Running a small operation with 10 or fewer users, either on an intranet or in a small workgroup LAN? Never need more than 50 files open simultaneously? You want FMP 5. Want to publish on the Web or to an unlimited number of intranet users? You need FMP 5 Unlimited. Concerned about performance? Need to serve a lot of network users and/or have a lot of files open simultaneously? Want to be able to administer the database remotely? You need FMP 5 Server. Want to build custom web solutions with XML, JDBC, ODBC? Want to create custom front-ends to your databases with RAD tools? Distribute royalty-free run times? You need FMP 5 Developer.
Those are, in my opinion, reasonable product categories, and for many users, these categories made perfect sense. But for some, the change was an outrage. One inexpensive version of FMP 4 had been enough for all users in the past. The new product and pricing plan was met with a blizzard of cost scenarios angrily posted to various newsgroups and web sites, showing how much it would cost small businesses to upgrade to Version 5. Certainly, if you had 11 users or had planned to use one copy of FileMaker 4 to publish a database on the web, upgrading to Version 5 was going to be hard to justify. And FileMaker had changed the file format with Version 5, so FMP 4 would not be able to read databases created in FMP 5. In the past year, FileMaker has sold a lot of copies of its various FMP 5 products, but there's a contingent of diehards out there who are sticking with V4.

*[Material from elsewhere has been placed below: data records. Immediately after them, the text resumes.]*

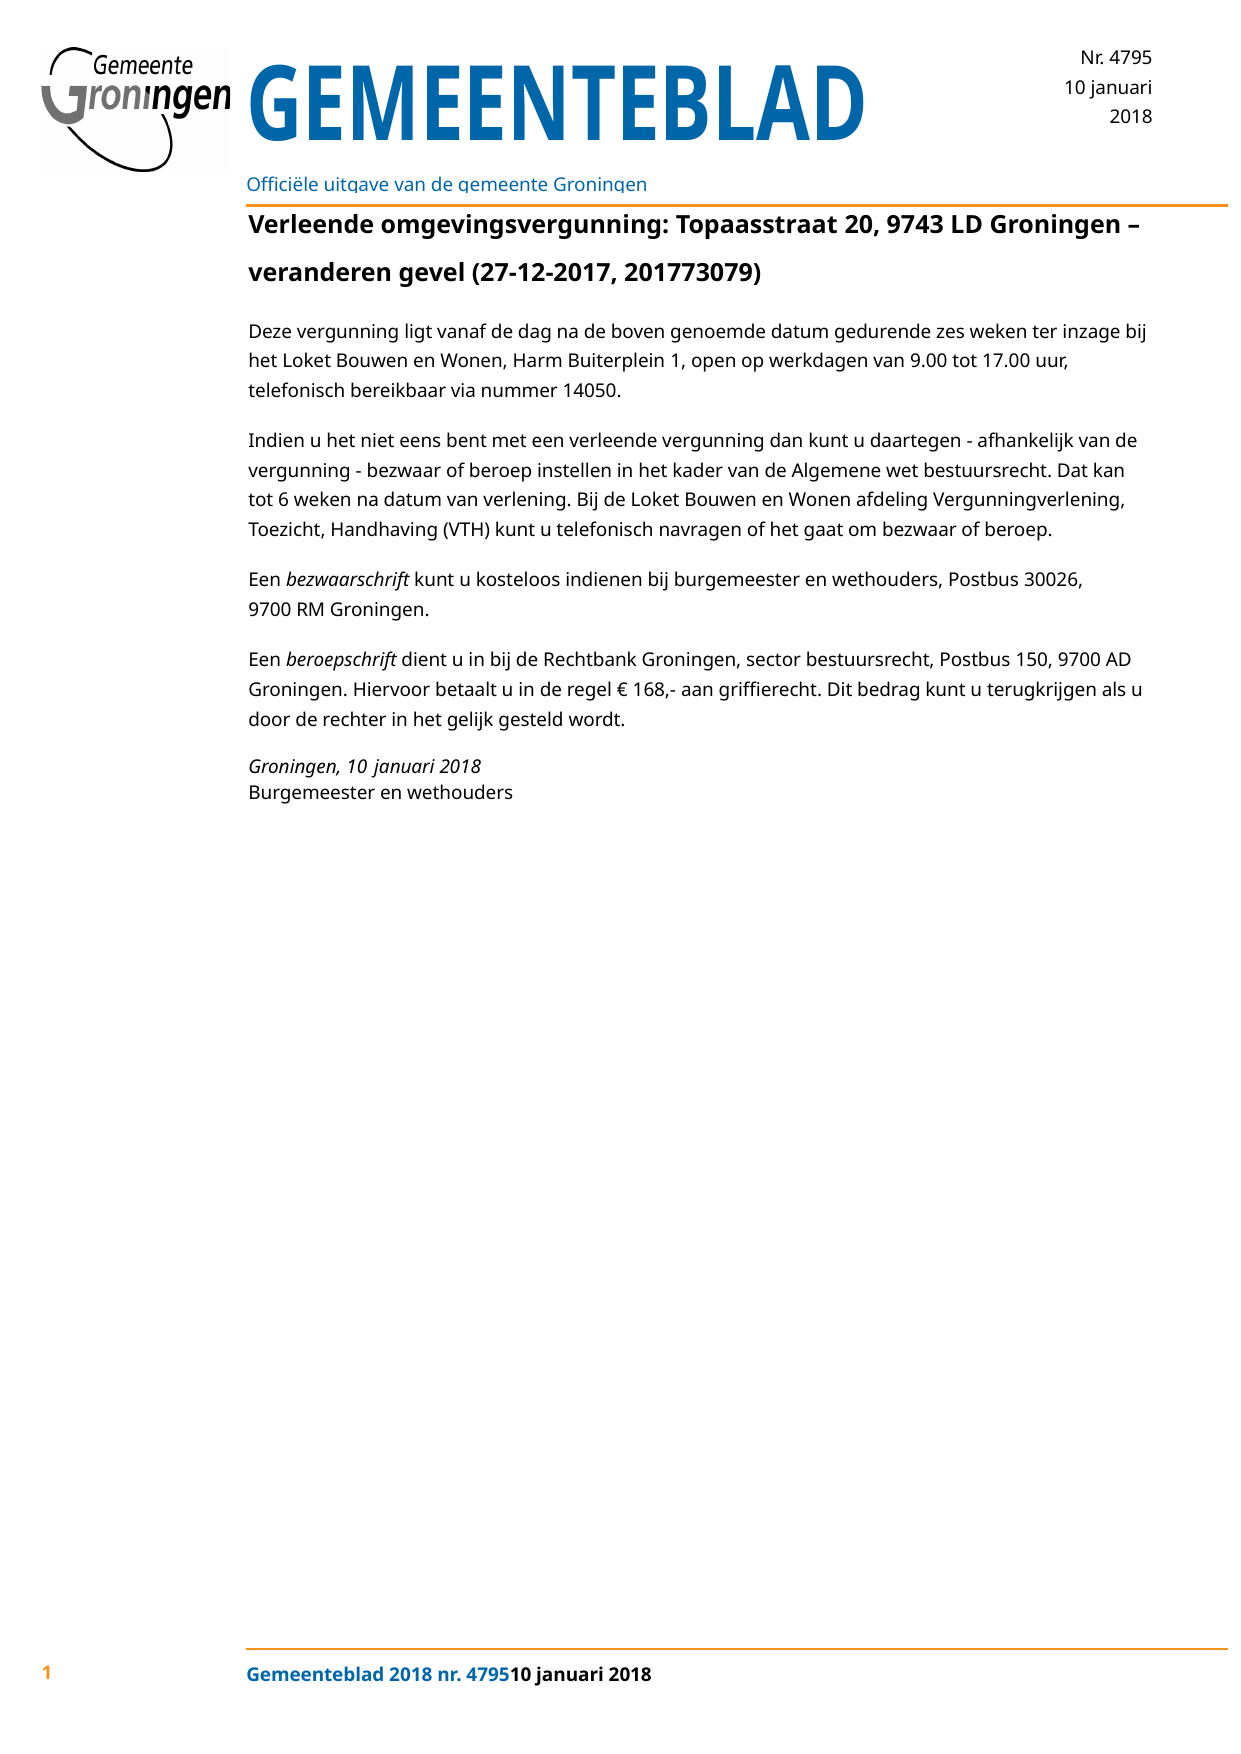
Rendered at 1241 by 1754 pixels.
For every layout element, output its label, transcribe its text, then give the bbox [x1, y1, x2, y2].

text Indien u het niet eens bent met een verleende vergunning dan kunt u daartegen - afhankelijk van de vergunning - bezwaar of beroep instellen in het kader van de Algemene wet bestuursrecht. Dat kan tot 6 weken na datum van verlening. Bij de Loket Bouwen en Wonen afdeling Vergunningverlening, Toezicht, Handhaving (VTH) kunt u telefonisch navragen of het gaat om bezwaar of beroep. [248, 427, 1152, 542]
text Groningen, 10 januari 2018 [248, 754, 1152, 779]
picture [41, 47, 231, 172]
text Burgemeester en wethouders [248, 779, 1152, 805]
text Deze vergunning ligt vanaf de dag na de boven genoemde datum gedurende zes weken ter inzage bij het Loket Bouwen en Wonen, Harm Buiterplein 1, open op werkdagen van 9.00 tot 17.00 uur, telefonisch bereikbaar via nummer 14050. [248, 318, 1152, 403]
text Een bezwaarschrift kunt u kosteloos indienen bij burgemeester en wethouders, Postbus 30026, 9700 RM Groningen. [248, 567, 1152, 622]
text Een beroepschrift dient u in bij de Rechtbank Groningen, sector bestuursrecht, Postbus 150, 9700 AD Groningen. Hiervoor betaalt u in de regel € 168,- aan griffierecht. Dit bedrag kunt u terugkrijgen als u door de rechter in het gelijk gesteld wordt. [248, 647, 1152, 732]
text Verleende omgevingsvergunning: Topaasstraat 20, 9743 LD Groningen – veranderen gevel (27-12-2017, 201773079) [248, 207, 1152, 288]

We planned to put our database on the Web using an ISP, so the choice of a FileMaker version was out of our hands. Our ISP made it clear that he wasn't interested in moving up to the expensive FMP 5 Unlimited. FMP 4 worked fine for him, he said.
We were already developing in FMP 5 and using it on our less-than-10-user LAN, and given that we were willing to update the database only once a day, it was not totally crazy to imagine moving the data back and forth between FMP 5 and FMP 4 databases. Besides simply ex/importing the data, we had the option of using FMP Reverter, a third-party tool that provides backward compatibility from FMP 5 to FMP 4.
But it seemed odd that, with FileMaker's efforts to integrate FileMaker so tightly with Office apps, we had to treat a different version of FileMaker as though it were some alien application, and devise tricks for connecting with it. Was FMP 5 a worthless gift? We didn't think so, but we definitely had some issues to address.
That's the position we'd gotten ourselves into by the time I needed to turn in this column. I'll report on chapter two of this saga next month.